In 2004, the US government proposed an E-authentication initiative. The goals of the initiative include:
- Build and enable mutual trust needed to support widespread use of electronic interactions between the public and the US Government.
- Minimize the burden on the public when obtaining trusted electronic services from the government.
- Deliver common interoperable authentication solutions, appropriately matching the levels of risk and business risks.
As a result of this initiative, campuses may start offering to student, faculty and staff access to certain federal applications. However, before this happens, the government will impose the following requirements:

==FedFed Membership requirements for levels 1 & 2==
- Credential Assessment
- Signing Business and Operating Rules
- Technical Interoperability at SAML 1.0

==FedFed Membership requirements for levels 3 & 4==
- Cross-certification with Federal PKI

==Service Provider Requirements to Join Federal Federation Directly==
Those services provide wishing to join the Federal Federation Directly will have to agree with:

- eAuthentication Business and Operating rules in
  - Risk Analysis
  - Service levels
  - Security levels″
  - Compliance with FIPS and NIST SPs
  - Reporting requirements
- Procedural, audit and documentation requirements.

==Providers==
Below is a short list of some CSPs with a short description of the services they provide.

===Equifax===
Equifax provides credentialing solutions certified that meet Federal security and privacy requirements. Equifax offers beyond basic name and address identification credential.
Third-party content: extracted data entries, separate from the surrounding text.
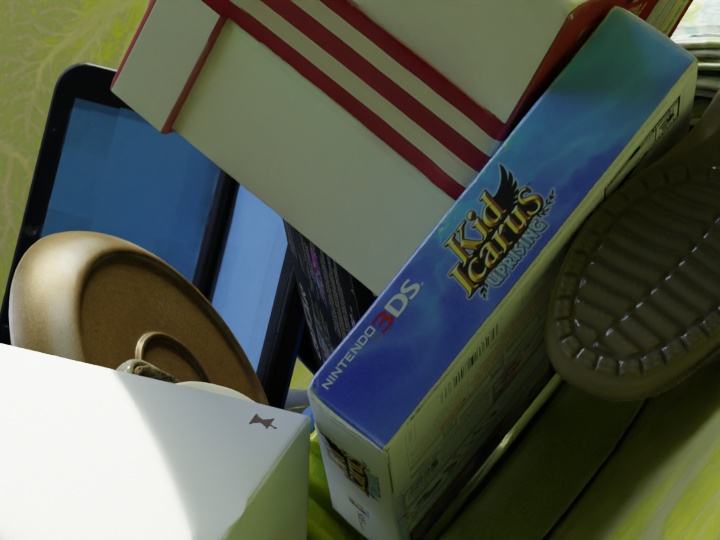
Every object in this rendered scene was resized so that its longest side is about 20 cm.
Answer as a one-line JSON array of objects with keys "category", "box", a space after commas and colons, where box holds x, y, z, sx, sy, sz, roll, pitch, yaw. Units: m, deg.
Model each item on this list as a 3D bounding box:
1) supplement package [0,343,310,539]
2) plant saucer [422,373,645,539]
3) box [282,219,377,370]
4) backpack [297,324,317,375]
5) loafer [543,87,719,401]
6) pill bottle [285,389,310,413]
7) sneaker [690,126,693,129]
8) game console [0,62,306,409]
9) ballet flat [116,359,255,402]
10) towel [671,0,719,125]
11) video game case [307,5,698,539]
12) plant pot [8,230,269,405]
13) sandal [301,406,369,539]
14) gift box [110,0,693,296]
[{"category": "supplement package", "box": [-0.116, 0.160, 1.086, 0.152, 0.150, 0.201, -53, -29, -56]}, {"category": "plant saucer", "box": [0.059, 0.098, 1.249, 0.200, 0.031, 0.200, -49, 3, 4]}, {"category": "box", "box": [0.000, 0.000, 1.389, 0.043, 0.201, 0.160, -17, 31, -9]}, {"category": "backpack", "box": [0.048, -0.021, 1.594, 0.200, 0.183, 0.147, -49, -20, 22]}, {"category": "loafer", "box": [0.143, -0.017, 1.109, 0.200, 0.076, 0.068, -47, -22, -24]}, {"category": "pill bottle", "box": [-0.046, 0.128, 1.639, 0.112, 0.112, 0.200, -50, 2, -13]}, {"category": "sneaker", "box": [0.154, -0.065, 1.358, 0.200, 0.091, 0.076, -50, 1, -34]}, {"category": "game console", "box": [-0.109, 0.000, 1.541, 0.171, 0.118, 0.201, 21, 98, 65]}, {"category": "ballet flat", "box": [-0.040, 0.098, 1.310, 0.062, 0.199, 0.068, -51, 28, 32]}, {"category": "towel", "box": [0.171, -0.123, 1.331, 0.170, 0.048, 0.200, 0, 27, 27]}, {"category": "video game case", "box": [0.059, 0.011, 1.149, 0.200, 0.045, 0.181, -50, -15, -13]}, {"category": "plant pot", "box": [-0.098, 0.064, 1.395, 0.027, 0.200, 0.200, -31, 10, 24]}, {"category": "sandal", "box": [-0.041, 0.115, 1.249, 0.087, 0.080, 0.200, 12, 53, 50]}, {"category": "gift box", "box": [0.020, -0.114, 1.202, 0.185, 0.187, 0.200, -58, -15, 25]}]
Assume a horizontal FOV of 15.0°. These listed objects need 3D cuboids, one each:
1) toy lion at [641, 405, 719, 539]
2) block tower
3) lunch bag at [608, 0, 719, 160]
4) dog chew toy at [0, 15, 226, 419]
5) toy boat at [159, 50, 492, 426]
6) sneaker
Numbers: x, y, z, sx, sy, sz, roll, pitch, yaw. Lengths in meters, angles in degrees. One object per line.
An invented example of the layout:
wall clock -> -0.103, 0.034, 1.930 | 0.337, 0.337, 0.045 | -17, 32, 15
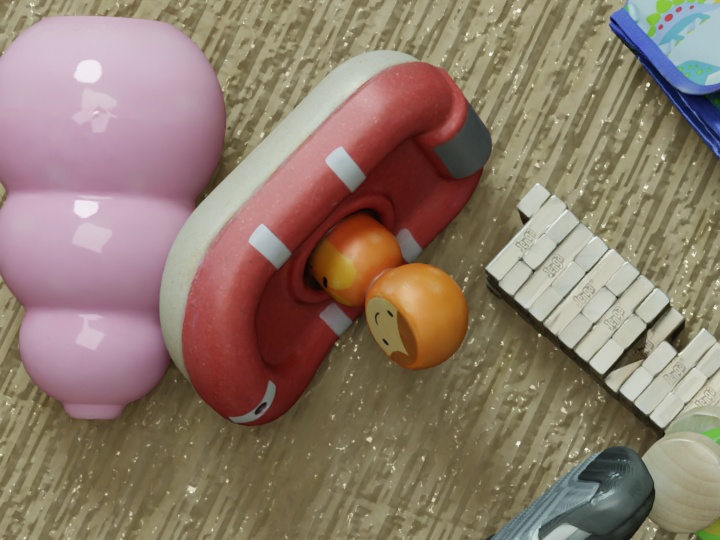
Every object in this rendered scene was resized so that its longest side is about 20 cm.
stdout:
toy lion -> 0.240, 0.116, 1.279 | 0.191, 0.069, 0.201 | -20, 93, 25
block tower -> 0.147, 0.044, 1.379 | 0.200, 0.054, 0.058 | 43, 87, 10
lunch bag -> 0.246, -0.108, 1.363 | 0.170, 0.127, 0.200 | -38, 68, 1
dog chew toy -> -0.131, -0.026, 1.386 | 0.124, 0.125, 0.201 | 2, 90, 5
toy boat -> 0.000, 0.000, 1.352 | 0.200, 0.131, 0.131 | -46, 61, -1
sneaker -> 0.113, 0.163, 1.312 | 0.116, 0.200, 0.075 | 47, 57, 1
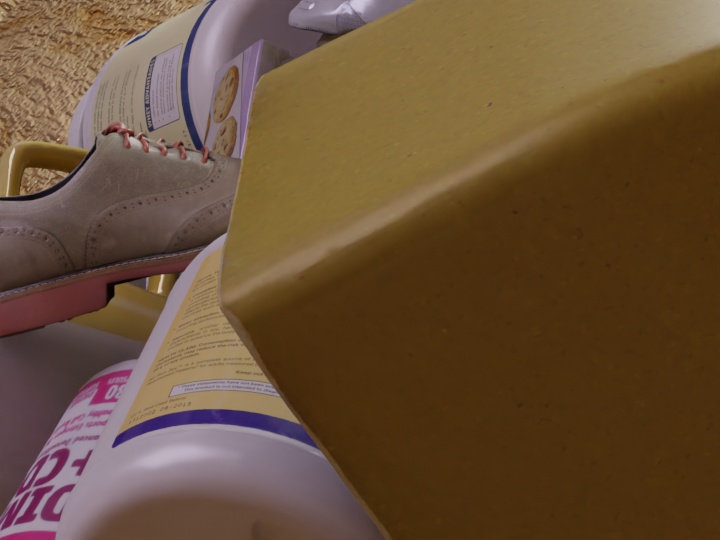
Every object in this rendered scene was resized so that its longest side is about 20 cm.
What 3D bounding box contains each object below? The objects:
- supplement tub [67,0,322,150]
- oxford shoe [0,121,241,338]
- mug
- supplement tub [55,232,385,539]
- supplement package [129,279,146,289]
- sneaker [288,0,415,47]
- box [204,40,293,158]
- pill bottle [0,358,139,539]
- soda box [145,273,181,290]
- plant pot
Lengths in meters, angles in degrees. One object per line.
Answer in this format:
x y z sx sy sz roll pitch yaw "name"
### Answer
-0.074 -0.085 1.371 0.200 0.145 0.145 -16 33 56 "supplement tub"
-0.085 -0.034 1.041 0.199 0.075 0.070 -20 5 -9 "oxford shoe"
-0.137 0.047 1.135 0.149 0.152 0.187 -132 57 -67 "mug"
-0.023 0.068 0.909 0.145 0.145 0.200 -33 21 33 "supplement tub"
-0.170 0.061 1.297 0.121 0.120 0.200 -21 28 53 "supplement package"
0.010 -0.160 1.157 0.115 0.075 0.200 -46 38 6 "sneaker"
-0.056 -0.020 1.125 0.041 0.039 0.201 -32 40 43 "box"
-0.108 0.141 0.986 0.113 0.113 0.200 -30 23 39 "pill bottle"
-0.023 -0.048 1.228 0.200 0.064 0.068 -43 18 11 "soda box"
0.095 -0.004 0.758 0.199 0.196 0.194 -30 21 14 "plant pot"
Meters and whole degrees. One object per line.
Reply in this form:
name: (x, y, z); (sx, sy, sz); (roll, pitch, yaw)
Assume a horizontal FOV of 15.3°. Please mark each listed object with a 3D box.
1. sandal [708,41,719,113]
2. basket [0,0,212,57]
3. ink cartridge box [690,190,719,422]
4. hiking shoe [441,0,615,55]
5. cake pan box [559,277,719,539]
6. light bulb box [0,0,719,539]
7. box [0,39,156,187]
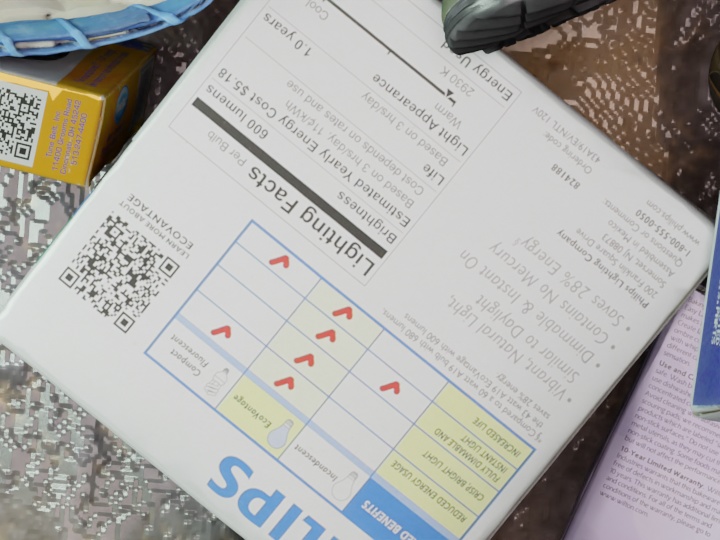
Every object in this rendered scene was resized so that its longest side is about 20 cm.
sandal: (0.207, -0.013, 1.042); (0.200, 0.082, 0.055); (43, 137, 12)
basket: (-0.112, -0.143, 0.947); (0.176, 0.200, 0.139); (-5, 108, -17)
ink cartridge box: (0.228, -0.028, 0.967); (0.200, 0.043, 0.197); (10, 82, -14)
hiking shoe: (0.077, -0.146, 0.977); (0.076, 0.200, 0.101); (-19, 95, 29)
cake pan box: (0.178, 0.121, 1.043); (0.200, 0.052, 0.184); (23, 102, 7)
light bulb box: (0.000, 0.000, 1.023); (0.198, 0.125, 0.200); (39, 95, -1)
box: (-0.186, -0.084, 1.027); (0.200, 0.119, 0.042); (16, 105, 1)
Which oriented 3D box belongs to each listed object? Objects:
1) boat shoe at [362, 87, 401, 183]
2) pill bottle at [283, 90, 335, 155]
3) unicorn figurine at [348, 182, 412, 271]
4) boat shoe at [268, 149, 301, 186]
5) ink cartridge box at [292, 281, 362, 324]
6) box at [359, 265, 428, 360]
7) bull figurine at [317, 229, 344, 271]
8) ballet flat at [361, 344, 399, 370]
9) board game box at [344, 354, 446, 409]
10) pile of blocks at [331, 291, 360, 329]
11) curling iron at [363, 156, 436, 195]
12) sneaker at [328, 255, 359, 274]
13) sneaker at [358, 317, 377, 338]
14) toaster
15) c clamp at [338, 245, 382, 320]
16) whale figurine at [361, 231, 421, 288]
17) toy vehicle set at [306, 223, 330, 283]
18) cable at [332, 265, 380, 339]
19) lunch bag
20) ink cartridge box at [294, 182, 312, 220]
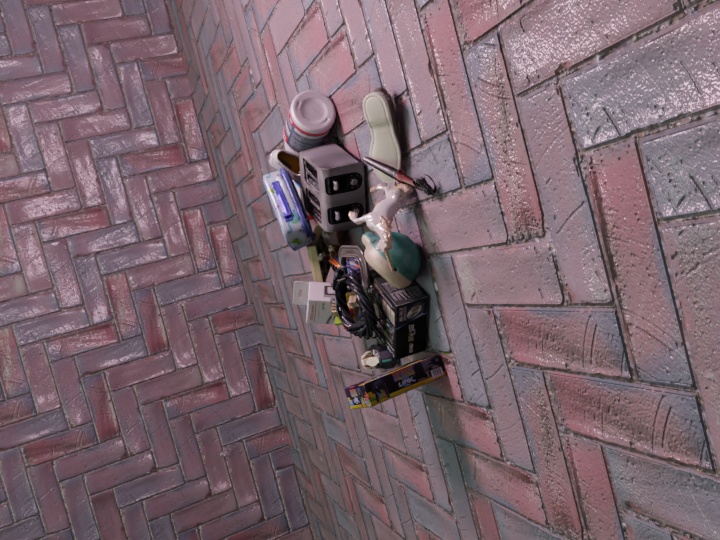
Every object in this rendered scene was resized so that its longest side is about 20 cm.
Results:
[{"bbox_3d":[0.053,-0.287,1.442,0.060,0.072,0.203,-59,-36,-51],"label":"boat shoe"},{"bbox_3d":[-0.144,-0.378,1.807,0.200,0.119,0.120,131,120,-67],"label":"pill bottle"},{"bbox_3d":[0.045,-0.115,1.442,0.137,0.201,0.074,17,167,48],"label":"unicorn figurine"},{"bbox_3d":[-0.152,-0.271,1.843,0.071,0.199,0.070,-64,23,-9],"label":"boat shoe"},{"bbox_3d":[-0.090,0.094,1.895,0.116,0.198,0.067,100,171,-51],"label":"ink cartridge box"},{"bbox_3d":[0.076,0.084,1.621,0.200,0.086,0.165,-130,31,-49],"label":"box"},{"bbox_3d":[-0.078,-0.080,1.891,0.121,0.065,0.201,-1,-100,-73],"label":"bull figurine"},{"bbox_3d":[0.040,0.242,1.866,0.200,0.073,0.074,163,91,-70],"label":"ballet flat"},{"bbox_3d":[0.078,0.261,1.586,0.057,0.199,0.165,70,159,5],"label":"board game box"},{"bbox_3d":[-0.041,0.109,1.797,0.201,0.081,0.062,95,-176,-55],"label":"pile of blocks"},{"bbox_3d":[0.081,-0.202,1.400,0.200,0.026,0.050,32,158,37],"label":"curling iron"},{"bbox_3d":[0.000,0.000,1.784,0.200,0.078,0.075,36,165,35],"label":"sneaker"},{"bbox_3d":[0.021,0.147,1.817,0.076,0.087,0.200,68,161,10],"label":"sneaker"},{"bbox_3d":[-0.072,-0.221,1.740,0.200,0.118,0.182,-133,34,-51],"label":"toaster"},{"bbox_3d":[-0.010,0.021,1.642,0.200,0.027,0.172,-160,58,-66],"label":"c clamp"},{"bbox_3d":[0.075,-0.042,1.536,0.159,0.104,0.200,41,-170,-14],"label":"whale figurine"},{"bbox_3d":[-0.113,-0.055,1.950,0.200,0.026,0.125,-76,-22,-62],"label":"toy vehicle set"},{"bbox_3d":[-0.009,0.087,1.619,0.163,0.051,0.201,49,152,24],"label":"cable"},{"bbox_3d":[-0.191,-0.162,1.806,0.161,0.082,0.201,74,173,-72],"label":"lunch bag"},{"bbox_3d":[-0.174,-0.232,2.073,0.116,0.067,0.201,-129,30,-47],"label":"ink cartridge box"}]

Equifax provides methods of discerning an electronic identity in order to ensure that only trusted users have access to sensitive data and secure networks.

===MediQuin===
MediQuin is a credential service provider located in Irvine, California. MediQuin provides Medical Credentialing, provider applications, enrollment forms, verification services, and other medical related credential services.

===Med Advantage===
Med Advantage provide numerous verification services.

- Board Certification - Verify Current certificate level
- Criminal Background - Verify State and/or Federal Criminal History
- DEA/CDS Registration - Verify by NTIS and/or by certificate
- Education - Verify Medical Education & Post graduate Education
- FSMB - Query The Federation of State Medical Boards
- License- Verify State license(s)
- Malpractice Claims - Verify from the carrier
- Malpractice Insurance - Verify from the Carrier or Certificate
- NPDB - Query The National Practitioner Databank
- HIPDB - Query The Healthcare Integrity and Protection Databank
- Privileges - Verify Hospital admitting Privileges and Delineation of Privileges
- References - Verify Professional references
- Sanctions - Query Medicare/Medicaid and State License
- Work History - Extract Work History from the Curriculum Vitae

==The Kantara Initiative==
The Initiative Identity Assurance Accreditation and Approval Program is a Kantara Initiative program that tries to use CSP in order to provide to private sectors with better reliable digital credentials.

==Windows==
Windows uses CSP to implement authentication protocols. With Windows Vista, a new authentication package called Credential Security Service Provider (CredSSP) was introduced. CredSSP uses the client-side CSP to enable applications to delegate user's credentials to the target server.